Verbatim repeat, images excluded. Give each entry again as written.

» Records contained in a dataset:

-*-

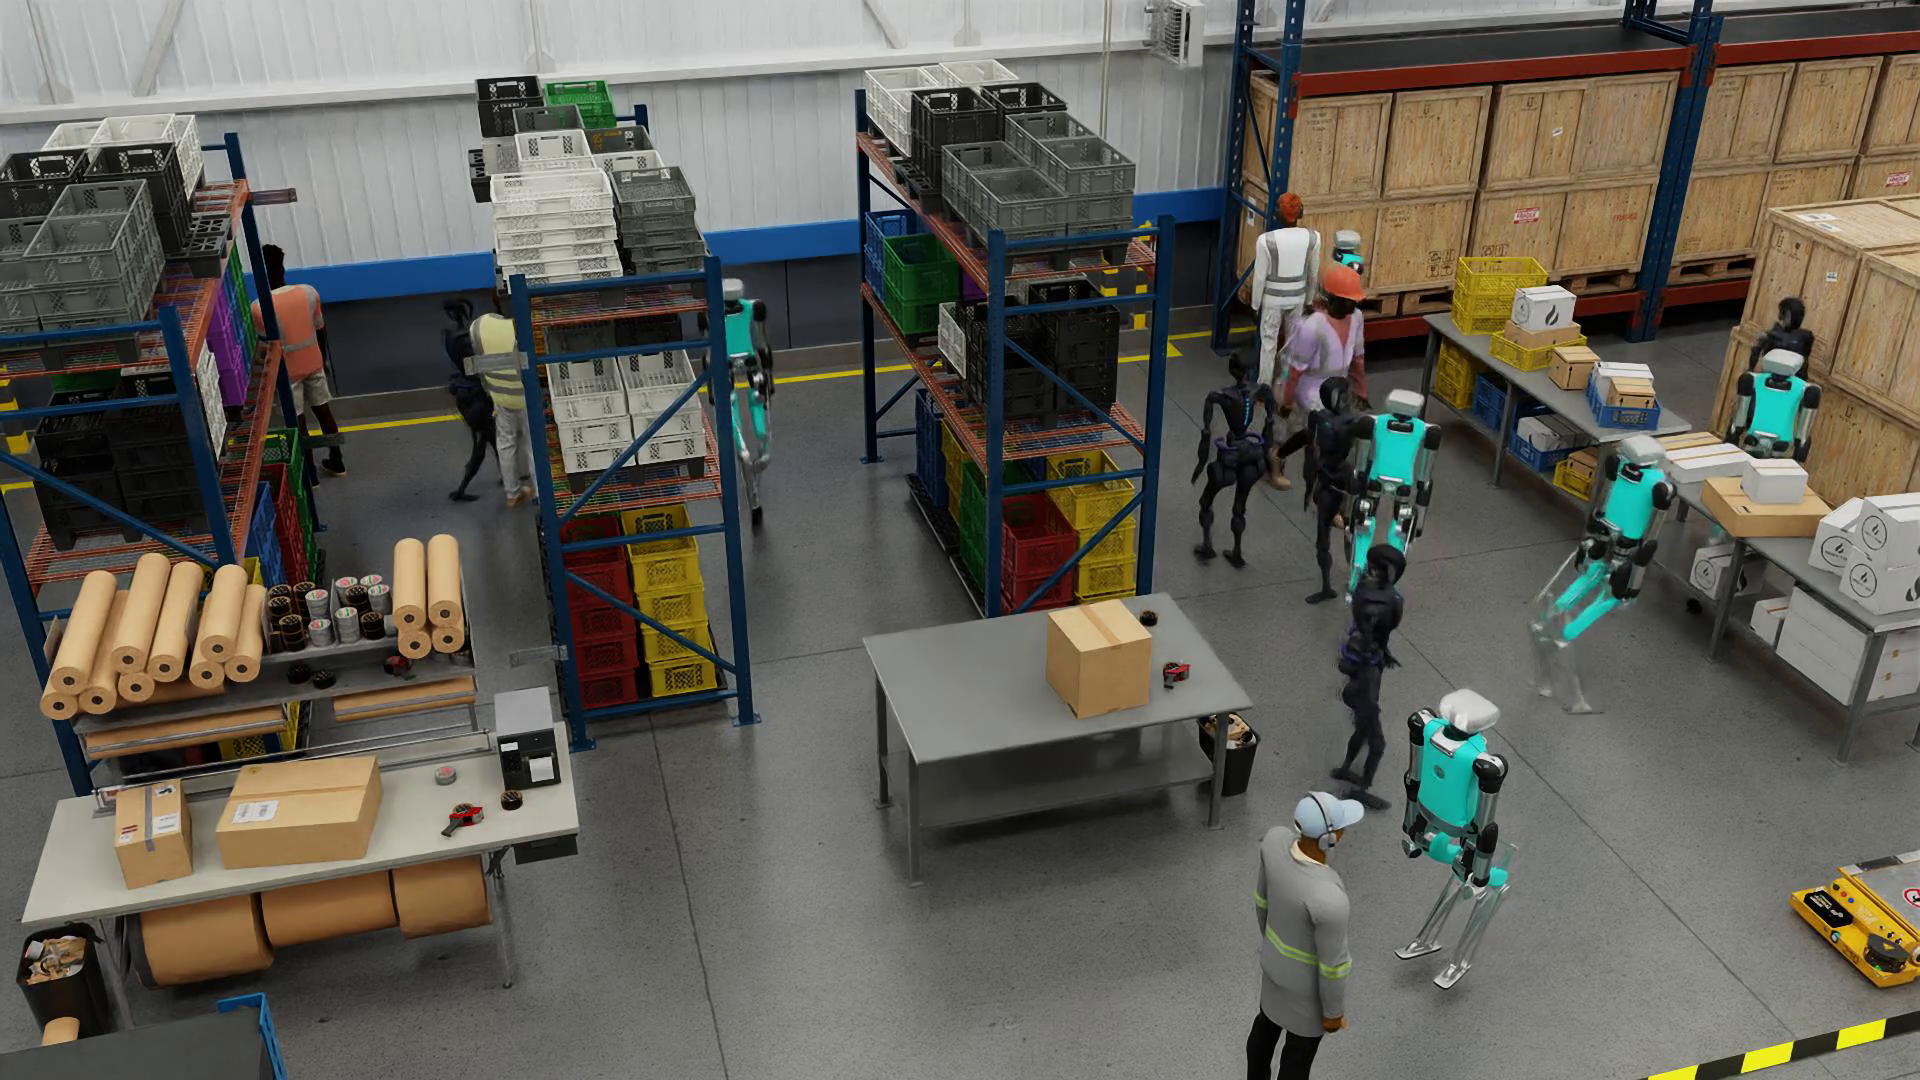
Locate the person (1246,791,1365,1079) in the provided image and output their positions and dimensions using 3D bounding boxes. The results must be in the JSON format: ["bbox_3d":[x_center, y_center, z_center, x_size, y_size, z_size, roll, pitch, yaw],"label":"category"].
[{"bbox_3d":[1.480,1.842,7.166,0.373,1.852,0.588,-11,31,-20],"label":"person"}]

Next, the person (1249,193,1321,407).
[{"bbox_3d":[2.751,-2.042,14.198,0.572,1.887,0.357,-5,29,-9],"label":"person"}]

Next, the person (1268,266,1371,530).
[{"bbox_3d":[2.671,-1.143,12.455,0.621,1.997,1.022,-22,36,-34],"label":"person"}]

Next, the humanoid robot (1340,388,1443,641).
[{"bbox_3d":[2.715,0.011,10.706,0.543,1.853,0.814,8,30,15],"label":"humanoid robot"}]

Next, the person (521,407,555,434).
[{"bbox_3d":[-3.553,-1.745,13.728,0.405,1.824,0.584,3,29,5],"label":"person"}]

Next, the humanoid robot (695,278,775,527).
[{"bbox_3d":[-1.589,-0.992,12.457,0.556,1.767,0.968,-9,30,-16],"label":"humanoid robot"}]

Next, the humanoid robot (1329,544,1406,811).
[{"bbox_3d":[2.358,0.733,9.374,0.409,1.646,0.613,12,31,20],"label":"humanoid robot"}]

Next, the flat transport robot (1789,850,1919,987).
[{"bbox_3d":[5.163,1.916,8.676,1.431,0.231,0.659,-8,30,-14],"label":"flat transport robot"}]

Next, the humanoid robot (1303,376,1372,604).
[{"bbox_3d":[2.614,-0.349,11.371,0.451,1.645,0.621,-25,38,-38],"label":"humanoid robot"}]

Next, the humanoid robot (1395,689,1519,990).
[{"bbox_3d":[2.466,1.387,7.975,0.735,1.677,0.533,-17,33,-28],"label":"humanoid robot"}]

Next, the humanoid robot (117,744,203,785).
[{"bbox_3d":[-4.257,1.106,8.700,0.445,1.631,0.602,1,29,1],"label":"humanoid robot"}]

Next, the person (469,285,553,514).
[{"bbox_3d":[-3.292,-1.071,12.484,0.636,1.837,0.430,10,30,17],"label":"person"}]

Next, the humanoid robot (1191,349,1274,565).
[{"bbox_3d":[1.946,-0.581,11.746,0.609,1.646,0.338,-8,30,-15],"label":"humanoid robot"}]

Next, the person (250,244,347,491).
[{"bbox_3d":[-5.125,-1.327,12.815,0.366,1.962,0.608,18,33,29],"label":"person"}]

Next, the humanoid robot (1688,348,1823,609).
[{"bbox_3d":[5.329,-0.317,11.279,0.559,1.841,0.895,21,35,33],"label":"humanoid robot"}]

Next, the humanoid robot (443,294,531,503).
[{"bbox_3d":[-3.722,-1.087,12.729,0.710,1.635,0.590,-17,33,-28],"label":"humanoid robot"}]

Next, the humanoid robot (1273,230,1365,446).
[{"bbox_3d":[2.820,-1.640,13.644,0.857,1.794,0.588,-1,29,-3],"label":"humanoid robot"}]

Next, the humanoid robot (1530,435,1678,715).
[{"bbox_3d":[3.853,0.232,10.205,0.776,1.756,0.568,-10,30,-18],"label":"humanoid robot"}]

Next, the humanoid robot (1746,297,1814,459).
[{"bbox_3d":[6.191,-1.054,12.628,0.594,1.641,0.561,-8,30,-14],"label":"humanoid robot"}]
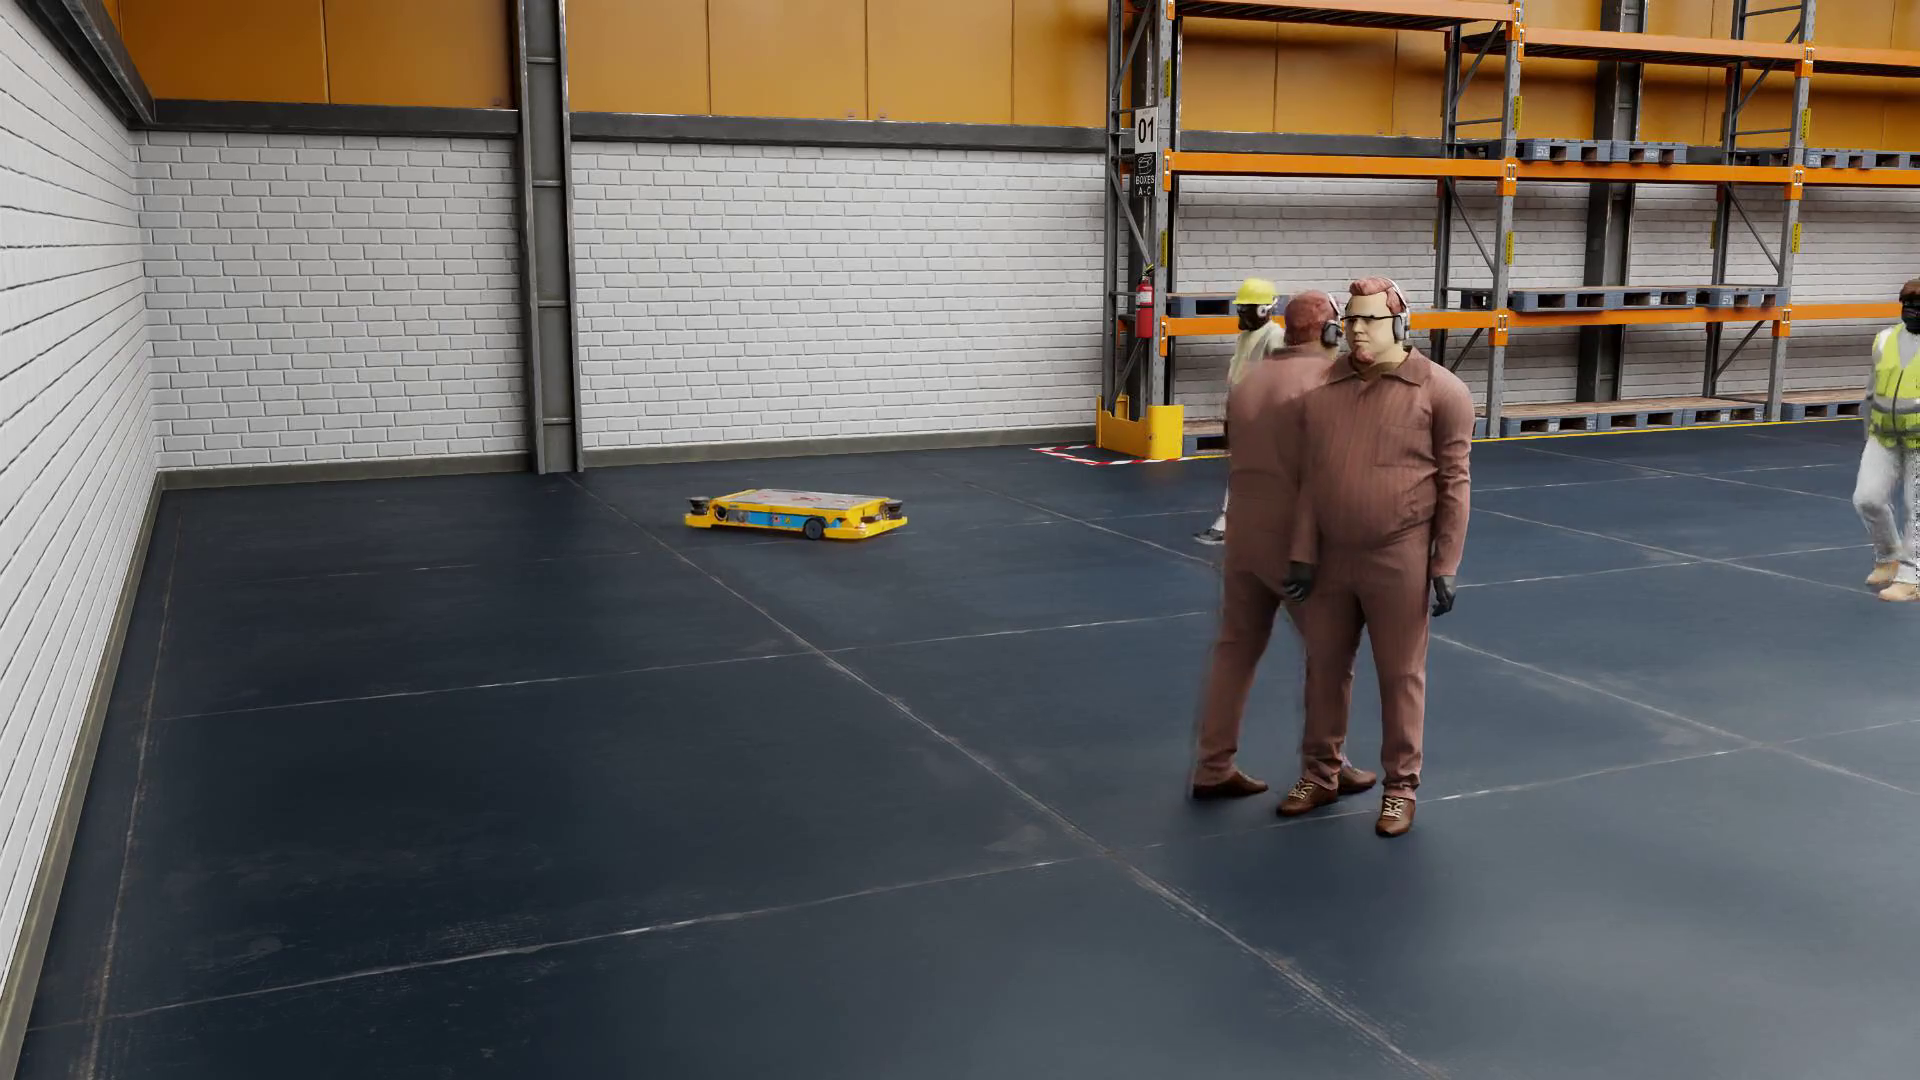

-*-

» RESPONSE BOX:
Locate the person (1246,791,1365,1079) in the provided image and output their positions and dimensions using 3D bounding boxes. The results must be in the JSON format: ["bbox_3d":[x_center, y_center, z_center, x_size, y_size, z_size, roll, pitch, yaw],"label":"category"].
[{"bbox_3d":[1.480,1.842,7.166,0.373,1.852,0.588,-11,31,-20],"label":"person"}]

Next, the person (1249,193,1321,407).
[{"bbox_3d":[2.751,-2.042,14.198,0.572,1.887,0.357,-5,29,-9],"label":"person"}]

Next, the person (1268,266,1371,530).
[{"bbox_3d":[2.671,-1.143,12.455,0.621,1.997,1.022,-22,36,-34],"label":"person"}]

Next, the humanoid robot (1340,388,1443,641).
[{"bbox_3d":[2.715,0.011,10.706,0.543,1.853,0.814,8,30,15],"label":"humanoid robot"}]

Next, the person (521,407,555,434).
[{"bbox_3d":[-3.553,-1.745,13.728,0.405,1.824,0.584,3,29,5],"label":"person"}]

Next, the humanoid robot (695,278,775,527).
[{"bbox_3d":[-1.589,-0.992,12.457,0.556,1.767,0.968,-9,30,-16],"label":"humanoid robot"}]

Next, the humanoid robot (1329,544,1406,811).
[{"bbox_3d":[2.358,0.733,9.374,0.409,1.646,0.613,12,31,20],"label":"humanoid robot"}]

Next, the flat transport robot (1789,850,1919,987).
[{"bbox_3d":[5.163,1.916,8.676,1.431,0.231,0.659,-8,30,-14],"label":"flat transport robot"}]

Next, the humanoid robot (1303,376,1372,604).
[{"bbox_3d":[2.614,-0.349,11.371,0.451,1.645,0.621,-25,38,-38],"label":"humanoid robot"}]

Next, the humanoid robot (1395,689,1519,990).
[{"bbox_3d":[2.466,1.387,7.975,0.735,1.677,0.533,-17,33,-28],"label":"humanoid robot"}]

Next, the humanoid robot (117,744,203,785).
[{"bbox_3d":[-4.257,1.106,8.700,0.445,1.631,0.602,1,29,1],"label":"humanoid robot"}]

Next, the person (469,285,553,514).
[{"bbox_3d":[-3.292,-1.071,12.484,0.636,1.837,0.430,10,30,17],"label":"person"}]

Next, the humanoid robot (1191,349,1274,565).
[{"bbox_3d":[1.946,-0.581,11.746,0.609,1.646,0.338,-8,30,-15],"label":"humanoid robot"}]

Next, the person (250,244,347,491).
[{"bbox_3d":[-5.125,-1.327,12.815,0.366,1.962,0.608,18,33,29],"label":"person"}]

Next, the humanoid robot (1688,348,1823,609).
[{"bbox_3d":[5.329,-0.317,11.279,0.559,1.841,0.895,21,35,33],"label":"humanoid robot"}]

Next, the humanoid robot (443,294,531,503).
[{"bbox_3d":[-3.722,-1.087,12.729,0.710,1.635,0.590,-17,33,-28],"label":"humanoid robot"}]

Next, the humanoid robot (1273,230,1365,446).
[{"bbox_3d":[2.820,-1.640,13.644,0.857,1.794,0.588,-1,29,-3],"label":"humanoid robot"}]

Next, the humanoid robot (1530,435,1678,715).
[{"bbox_3d":[3.853,0.232,10.205,0.776,1.756,0.568,-10,30,-18],"label":"humanoid robot"}]

Next, the humanoid robot (1746,297,1814,459).
[{"bbox_3d":[6.191,-1.054,12.628,0.594,1.641,0.561,-8,30,-14],"label":"humanoid robot"}]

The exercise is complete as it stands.